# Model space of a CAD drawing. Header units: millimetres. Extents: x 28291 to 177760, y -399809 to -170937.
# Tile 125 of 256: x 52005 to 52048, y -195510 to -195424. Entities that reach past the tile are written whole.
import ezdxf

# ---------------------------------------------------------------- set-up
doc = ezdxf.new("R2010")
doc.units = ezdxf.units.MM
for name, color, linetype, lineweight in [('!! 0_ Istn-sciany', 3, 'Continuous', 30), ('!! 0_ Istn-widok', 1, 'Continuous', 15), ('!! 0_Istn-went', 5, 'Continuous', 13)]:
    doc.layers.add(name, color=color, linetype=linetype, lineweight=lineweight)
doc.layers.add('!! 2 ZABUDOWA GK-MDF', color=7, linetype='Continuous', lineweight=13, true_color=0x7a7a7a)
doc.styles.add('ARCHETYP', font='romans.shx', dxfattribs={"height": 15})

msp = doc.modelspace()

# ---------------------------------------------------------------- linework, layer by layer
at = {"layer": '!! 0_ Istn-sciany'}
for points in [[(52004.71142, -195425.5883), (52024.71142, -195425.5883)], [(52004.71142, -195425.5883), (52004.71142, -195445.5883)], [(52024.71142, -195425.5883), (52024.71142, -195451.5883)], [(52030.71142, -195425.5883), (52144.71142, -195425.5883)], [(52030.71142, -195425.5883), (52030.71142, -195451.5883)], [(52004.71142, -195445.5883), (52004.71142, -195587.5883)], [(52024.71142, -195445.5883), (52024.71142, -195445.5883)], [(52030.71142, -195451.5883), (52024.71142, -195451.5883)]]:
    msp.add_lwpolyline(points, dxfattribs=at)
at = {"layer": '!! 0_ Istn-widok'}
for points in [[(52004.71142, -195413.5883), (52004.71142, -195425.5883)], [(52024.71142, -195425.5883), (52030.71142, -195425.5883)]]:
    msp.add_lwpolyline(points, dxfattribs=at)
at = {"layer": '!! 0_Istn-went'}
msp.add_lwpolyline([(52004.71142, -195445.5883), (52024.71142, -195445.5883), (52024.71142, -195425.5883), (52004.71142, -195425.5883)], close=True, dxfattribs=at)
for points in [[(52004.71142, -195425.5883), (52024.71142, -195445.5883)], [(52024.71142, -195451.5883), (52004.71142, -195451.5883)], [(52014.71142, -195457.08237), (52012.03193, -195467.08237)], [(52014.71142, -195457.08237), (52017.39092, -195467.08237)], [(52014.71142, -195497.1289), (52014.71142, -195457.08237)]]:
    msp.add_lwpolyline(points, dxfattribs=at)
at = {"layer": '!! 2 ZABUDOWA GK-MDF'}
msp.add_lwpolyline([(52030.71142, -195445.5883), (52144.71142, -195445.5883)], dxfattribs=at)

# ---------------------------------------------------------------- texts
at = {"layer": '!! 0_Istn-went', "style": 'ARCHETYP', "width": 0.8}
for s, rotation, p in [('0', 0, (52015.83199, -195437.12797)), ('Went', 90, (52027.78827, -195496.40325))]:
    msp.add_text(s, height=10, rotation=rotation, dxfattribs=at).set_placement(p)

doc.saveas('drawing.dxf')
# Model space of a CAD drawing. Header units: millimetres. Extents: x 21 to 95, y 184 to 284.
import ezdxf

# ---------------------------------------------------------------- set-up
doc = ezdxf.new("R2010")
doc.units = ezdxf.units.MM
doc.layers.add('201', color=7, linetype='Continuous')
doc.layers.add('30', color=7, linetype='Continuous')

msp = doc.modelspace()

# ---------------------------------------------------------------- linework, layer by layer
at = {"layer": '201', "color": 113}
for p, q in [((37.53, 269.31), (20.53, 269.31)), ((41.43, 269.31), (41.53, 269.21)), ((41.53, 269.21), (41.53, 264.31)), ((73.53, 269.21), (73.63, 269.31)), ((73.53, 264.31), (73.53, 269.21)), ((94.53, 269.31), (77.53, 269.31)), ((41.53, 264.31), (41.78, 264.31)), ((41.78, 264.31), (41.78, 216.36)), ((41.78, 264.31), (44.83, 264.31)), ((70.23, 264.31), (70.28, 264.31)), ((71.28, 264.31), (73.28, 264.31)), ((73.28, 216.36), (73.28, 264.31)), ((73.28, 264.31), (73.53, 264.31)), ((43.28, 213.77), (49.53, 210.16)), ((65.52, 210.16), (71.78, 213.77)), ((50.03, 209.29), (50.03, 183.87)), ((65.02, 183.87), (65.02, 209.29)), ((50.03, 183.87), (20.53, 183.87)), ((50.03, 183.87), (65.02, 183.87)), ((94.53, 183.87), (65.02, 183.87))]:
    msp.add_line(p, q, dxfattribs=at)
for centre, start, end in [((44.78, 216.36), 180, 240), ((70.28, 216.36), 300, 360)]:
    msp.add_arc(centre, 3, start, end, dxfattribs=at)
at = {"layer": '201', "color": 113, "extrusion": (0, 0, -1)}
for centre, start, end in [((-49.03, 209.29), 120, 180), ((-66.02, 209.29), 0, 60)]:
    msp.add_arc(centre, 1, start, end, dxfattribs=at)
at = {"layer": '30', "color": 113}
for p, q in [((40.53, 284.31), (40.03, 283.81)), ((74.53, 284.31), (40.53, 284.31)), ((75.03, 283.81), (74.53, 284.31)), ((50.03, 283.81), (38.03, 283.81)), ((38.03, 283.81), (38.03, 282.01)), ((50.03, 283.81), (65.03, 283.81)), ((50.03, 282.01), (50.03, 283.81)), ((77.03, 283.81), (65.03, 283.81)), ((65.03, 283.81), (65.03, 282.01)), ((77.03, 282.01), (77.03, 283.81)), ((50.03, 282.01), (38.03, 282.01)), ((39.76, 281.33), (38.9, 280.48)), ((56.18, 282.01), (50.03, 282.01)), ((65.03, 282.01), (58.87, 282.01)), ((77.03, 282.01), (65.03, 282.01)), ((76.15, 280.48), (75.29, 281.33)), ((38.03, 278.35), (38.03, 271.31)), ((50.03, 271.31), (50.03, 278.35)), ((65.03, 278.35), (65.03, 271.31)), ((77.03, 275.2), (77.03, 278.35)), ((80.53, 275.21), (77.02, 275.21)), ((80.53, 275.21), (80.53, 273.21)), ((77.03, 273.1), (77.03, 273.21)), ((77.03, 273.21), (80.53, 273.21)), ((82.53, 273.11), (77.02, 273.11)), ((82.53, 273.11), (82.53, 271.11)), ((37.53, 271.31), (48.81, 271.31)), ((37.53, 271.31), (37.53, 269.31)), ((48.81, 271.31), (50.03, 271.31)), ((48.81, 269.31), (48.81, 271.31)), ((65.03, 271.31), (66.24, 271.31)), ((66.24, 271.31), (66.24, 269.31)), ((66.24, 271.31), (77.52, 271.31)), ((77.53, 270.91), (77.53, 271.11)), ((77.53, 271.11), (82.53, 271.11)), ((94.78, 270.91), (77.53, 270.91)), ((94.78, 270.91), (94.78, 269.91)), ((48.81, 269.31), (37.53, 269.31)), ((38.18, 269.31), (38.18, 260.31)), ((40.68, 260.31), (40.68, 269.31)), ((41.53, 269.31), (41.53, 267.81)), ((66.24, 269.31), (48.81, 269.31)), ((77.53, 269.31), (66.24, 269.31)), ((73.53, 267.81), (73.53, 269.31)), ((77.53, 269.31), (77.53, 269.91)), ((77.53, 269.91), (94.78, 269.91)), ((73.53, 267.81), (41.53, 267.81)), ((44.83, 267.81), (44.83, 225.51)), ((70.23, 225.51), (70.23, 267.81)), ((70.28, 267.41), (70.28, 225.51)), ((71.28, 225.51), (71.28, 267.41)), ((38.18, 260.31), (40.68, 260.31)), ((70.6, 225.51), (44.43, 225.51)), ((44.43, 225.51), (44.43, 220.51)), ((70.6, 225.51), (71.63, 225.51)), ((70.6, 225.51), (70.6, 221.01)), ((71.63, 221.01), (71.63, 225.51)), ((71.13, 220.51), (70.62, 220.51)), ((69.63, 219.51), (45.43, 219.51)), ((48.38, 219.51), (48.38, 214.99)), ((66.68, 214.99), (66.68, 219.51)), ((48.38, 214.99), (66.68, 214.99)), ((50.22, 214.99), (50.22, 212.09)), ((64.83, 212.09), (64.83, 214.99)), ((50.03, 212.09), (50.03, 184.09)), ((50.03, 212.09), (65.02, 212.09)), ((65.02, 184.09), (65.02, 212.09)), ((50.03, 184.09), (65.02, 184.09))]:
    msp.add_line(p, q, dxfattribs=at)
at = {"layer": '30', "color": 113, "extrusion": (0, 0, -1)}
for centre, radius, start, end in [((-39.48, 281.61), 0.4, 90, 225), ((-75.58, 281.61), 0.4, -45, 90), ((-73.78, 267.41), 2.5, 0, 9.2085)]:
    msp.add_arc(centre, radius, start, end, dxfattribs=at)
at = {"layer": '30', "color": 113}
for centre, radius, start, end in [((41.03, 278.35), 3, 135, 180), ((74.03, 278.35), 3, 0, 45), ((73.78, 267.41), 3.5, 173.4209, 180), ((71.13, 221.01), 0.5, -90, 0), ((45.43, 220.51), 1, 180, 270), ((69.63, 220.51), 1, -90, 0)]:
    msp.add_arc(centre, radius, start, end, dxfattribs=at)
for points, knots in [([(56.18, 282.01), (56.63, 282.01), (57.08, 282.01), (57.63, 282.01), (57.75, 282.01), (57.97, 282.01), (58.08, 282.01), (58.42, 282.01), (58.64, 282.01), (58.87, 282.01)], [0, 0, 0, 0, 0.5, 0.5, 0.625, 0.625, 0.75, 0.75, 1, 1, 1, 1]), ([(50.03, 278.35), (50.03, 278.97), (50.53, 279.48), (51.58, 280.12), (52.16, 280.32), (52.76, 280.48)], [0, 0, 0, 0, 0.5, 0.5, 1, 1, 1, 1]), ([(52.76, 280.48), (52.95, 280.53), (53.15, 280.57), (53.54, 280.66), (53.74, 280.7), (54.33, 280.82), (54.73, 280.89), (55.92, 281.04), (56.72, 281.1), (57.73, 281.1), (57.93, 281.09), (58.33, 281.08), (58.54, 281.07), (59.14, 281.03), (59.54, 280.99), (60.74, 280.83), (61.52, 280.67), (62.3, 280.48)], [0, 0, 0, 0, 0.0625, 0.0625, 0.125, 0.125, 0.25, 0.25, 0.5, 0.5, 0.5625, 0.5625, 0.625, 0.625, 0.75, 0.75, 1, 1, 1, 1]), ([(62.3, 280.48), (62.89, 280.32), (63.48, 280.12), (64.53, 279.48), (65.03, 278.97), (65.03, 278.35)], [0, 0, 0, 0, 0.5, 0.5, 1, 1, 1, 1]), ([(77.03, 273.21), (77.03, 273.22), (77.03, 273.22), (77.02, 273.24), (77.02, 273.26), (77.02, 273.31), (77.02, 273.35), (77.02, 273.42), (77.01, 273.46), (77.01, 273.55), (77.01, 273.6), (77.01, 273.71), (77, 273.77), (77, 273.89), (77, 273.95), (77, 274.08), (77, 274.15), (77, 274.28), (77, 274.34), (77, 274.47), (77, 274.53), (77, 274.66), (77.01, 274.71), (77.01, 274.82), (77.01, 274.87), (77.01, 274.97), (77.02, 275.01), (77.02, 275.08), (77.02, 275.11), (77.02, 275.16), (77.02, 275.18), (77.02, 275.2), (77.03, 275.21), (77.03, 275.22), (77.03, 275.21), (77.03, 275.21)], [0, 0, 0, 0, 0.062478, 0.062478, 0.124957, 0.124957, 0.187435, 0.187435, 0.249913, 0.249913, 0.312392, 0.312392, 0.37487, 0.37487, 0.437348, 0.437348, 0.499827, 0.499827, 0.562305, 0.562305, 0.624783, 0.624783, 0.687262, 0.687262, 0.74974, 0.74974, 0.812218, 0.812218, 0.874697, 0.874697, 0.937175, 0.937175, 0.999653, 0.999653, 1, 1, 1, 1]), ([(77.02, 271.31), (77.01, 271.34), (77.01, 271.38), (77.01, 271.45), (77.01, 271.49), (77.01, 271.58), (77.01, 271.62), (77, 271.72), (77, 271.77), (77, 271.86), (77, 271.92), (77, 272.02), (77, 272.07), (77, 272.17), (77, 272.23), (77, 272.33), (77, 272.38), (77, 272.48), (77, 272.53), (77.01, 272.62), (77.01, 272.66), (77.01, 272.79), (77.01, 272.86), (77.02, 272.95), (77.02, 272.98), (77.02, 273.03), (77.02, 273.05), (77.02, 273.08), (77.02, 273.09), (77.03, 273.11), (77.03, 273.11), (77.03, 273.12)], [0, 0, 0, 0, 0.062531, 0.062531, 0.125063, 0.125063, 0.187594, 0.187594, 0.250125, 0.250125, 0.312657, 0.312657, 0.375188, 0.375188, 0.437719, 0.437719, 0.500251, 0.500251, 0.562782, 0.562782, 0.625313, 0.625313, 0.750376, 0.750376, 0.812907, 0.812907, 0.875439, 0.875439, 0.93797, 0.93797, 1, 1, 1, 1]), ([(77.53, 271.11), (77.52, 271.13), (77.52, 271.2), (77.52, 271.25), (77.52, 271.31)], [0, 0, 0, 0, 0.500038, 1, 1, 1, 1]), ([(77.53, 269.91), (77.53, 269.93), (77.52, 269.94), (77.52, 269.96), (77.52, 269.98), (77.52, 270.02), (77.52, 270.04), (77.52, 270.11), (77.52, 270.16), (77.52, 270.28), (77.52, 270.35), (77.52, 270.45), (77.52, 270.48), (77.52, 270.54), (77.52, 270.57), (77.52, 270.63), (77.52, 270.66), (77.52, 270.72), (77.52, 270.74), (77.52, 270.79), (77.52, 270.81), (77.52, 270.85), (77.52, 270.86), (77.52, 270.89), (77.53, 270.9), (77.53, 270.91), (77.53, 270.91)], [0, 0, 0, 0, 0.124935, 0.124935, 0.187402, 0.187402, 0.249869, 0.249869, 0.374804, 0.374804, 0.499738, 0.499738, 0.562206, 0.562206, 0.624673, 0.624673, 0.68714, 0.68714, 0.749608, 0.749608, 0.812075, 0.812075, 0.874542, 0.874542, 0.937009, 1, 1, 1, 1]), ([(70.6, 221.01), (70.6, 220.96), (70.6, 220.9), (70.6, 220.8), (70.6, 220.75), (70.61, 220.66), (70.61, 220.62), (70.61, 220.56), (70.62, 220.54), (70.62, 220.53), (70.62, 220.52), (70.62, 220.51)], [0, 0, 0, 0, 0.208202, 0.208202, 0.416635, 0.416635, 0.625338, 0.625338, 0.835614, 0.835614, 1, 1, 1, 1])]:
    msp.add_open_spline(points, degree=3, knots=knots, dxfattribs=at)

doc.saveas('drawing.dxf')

::::::::

# DESCRIPTION OF THE TASK
Among the lines above, which ones include the word "widok"? Copy them.

# PROBLEM SOLUTION
for name, color, linetype, lineweight in [('!! 0_ Istn-sciany', 3, 'Continuous', 30), ('!! 0_ Istn-widok', 1, 'Continuous', 15), ('!! 0_Istn-went', 5, 'Continuous', 13)]:
at = {"layer": '!! 0_ Istn-widok'}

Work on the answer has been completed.